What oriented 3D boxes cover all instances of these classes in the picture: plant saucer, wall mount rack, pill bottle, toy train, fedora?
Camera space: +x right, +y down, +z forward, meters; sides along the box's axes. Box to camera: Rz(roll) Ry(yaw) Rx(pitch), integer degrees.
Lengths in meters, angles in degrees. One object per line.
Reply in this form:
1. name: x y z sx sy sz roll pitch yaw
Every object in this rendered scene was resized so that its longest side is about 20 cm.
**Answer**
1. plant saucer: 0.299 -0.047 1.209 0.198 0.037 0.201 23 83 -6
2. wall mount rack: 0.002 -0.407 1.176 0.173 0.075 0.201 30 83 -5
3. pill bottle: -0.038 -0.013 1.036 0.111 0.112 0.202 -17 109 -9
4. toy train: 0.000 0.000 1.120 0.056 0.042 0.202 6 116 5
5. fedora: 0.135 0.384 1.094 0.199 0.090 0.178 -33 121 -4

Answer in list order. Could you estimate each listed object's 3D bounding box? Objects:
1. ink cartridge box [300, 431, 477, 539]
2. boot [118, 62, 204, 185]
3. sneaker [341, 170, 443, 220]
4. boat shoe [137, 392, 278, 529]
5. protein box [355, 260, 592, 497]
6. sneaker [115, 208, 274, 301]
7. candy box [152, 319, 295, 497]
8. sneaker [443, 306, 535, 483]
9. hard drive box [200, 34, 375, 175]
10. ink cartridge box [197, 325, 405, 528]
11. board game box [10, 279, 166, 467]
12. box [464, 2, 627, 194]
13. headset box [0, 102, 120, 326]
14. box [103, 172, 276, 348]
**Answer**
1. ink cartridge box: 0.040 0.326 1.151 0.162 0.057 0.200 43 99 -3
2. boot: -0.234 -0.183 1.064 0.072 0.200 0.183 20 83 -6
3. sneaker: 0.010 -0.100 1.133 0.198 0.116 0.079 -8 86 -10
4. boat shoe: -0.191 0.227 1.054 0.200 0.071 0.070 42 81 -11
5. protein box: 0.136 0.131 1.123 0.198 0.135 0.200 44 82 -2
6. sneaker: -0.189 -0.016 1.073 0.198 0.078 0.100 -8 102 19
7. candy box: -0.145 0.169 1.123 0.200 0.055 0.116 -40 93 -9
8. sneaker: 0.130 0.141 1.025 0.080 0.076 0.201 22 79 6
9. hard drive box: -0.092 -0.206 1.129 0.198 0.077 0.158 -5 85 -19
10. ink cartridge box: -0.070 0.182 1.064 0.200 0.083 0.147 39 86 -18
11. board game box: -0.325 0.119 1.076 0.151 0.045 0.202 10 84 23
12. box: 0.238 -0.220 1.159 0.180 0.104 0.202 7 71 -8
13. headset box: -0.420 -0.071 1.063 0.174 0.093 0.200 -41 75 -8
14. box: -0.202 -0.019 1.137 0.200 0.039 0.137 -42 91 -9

- - - - -

- What is needed
Copy the lines above exactly, beginning at the line that has "Reply in this" and stopping after the line that has "10. ink cartridge box [197, 325, 405, 528]", and omit the rest.

- Answer to this exercise
Reply in this form:
1. name: x y z sx sy sz roll pitch yaw
Every object in this rendered scene was resized so that its longest side is about 20 cm.
**Answer**
1. plant saucer: 0.299 -0.047 1.209 0.198 0.037 0.201 23 83 -6
2. wall mount rack: 0.002 -0.407 1.176 0.173 0.075 0.201 30 83 -5
3. pill bottle: -0.038 -0.013 1.036 0.111 0.112 0.202 -17 109 -9
4. toy train: 0.000 0.000 1.120 0.056 0.042 0.202 6 116 5
5. fedora: 0.135 0.384 1.094 0.199 0.090 0.178 -33 121 -4

Answer in list order. Could you estimate each listed object's 3D bounding box? Objects:
1. ink cartridge box [300, 431, 477, 539]
2. boot [118, 62, 204, 185]
3. sneaker [341, 170, 443, 220]
4. boat shoe [137, 392, 278, 529]
5. protein box [355, 260, 592, 497]
6. sneaker [115, 208, 274, 301]
7. candy box [152, 319, 295, 497]
8. sneaker [443, 306, 535, 483]
9. hard drive box [200, 34, 375, 175]
10. ink cartridge box [197, 325, 405, 528]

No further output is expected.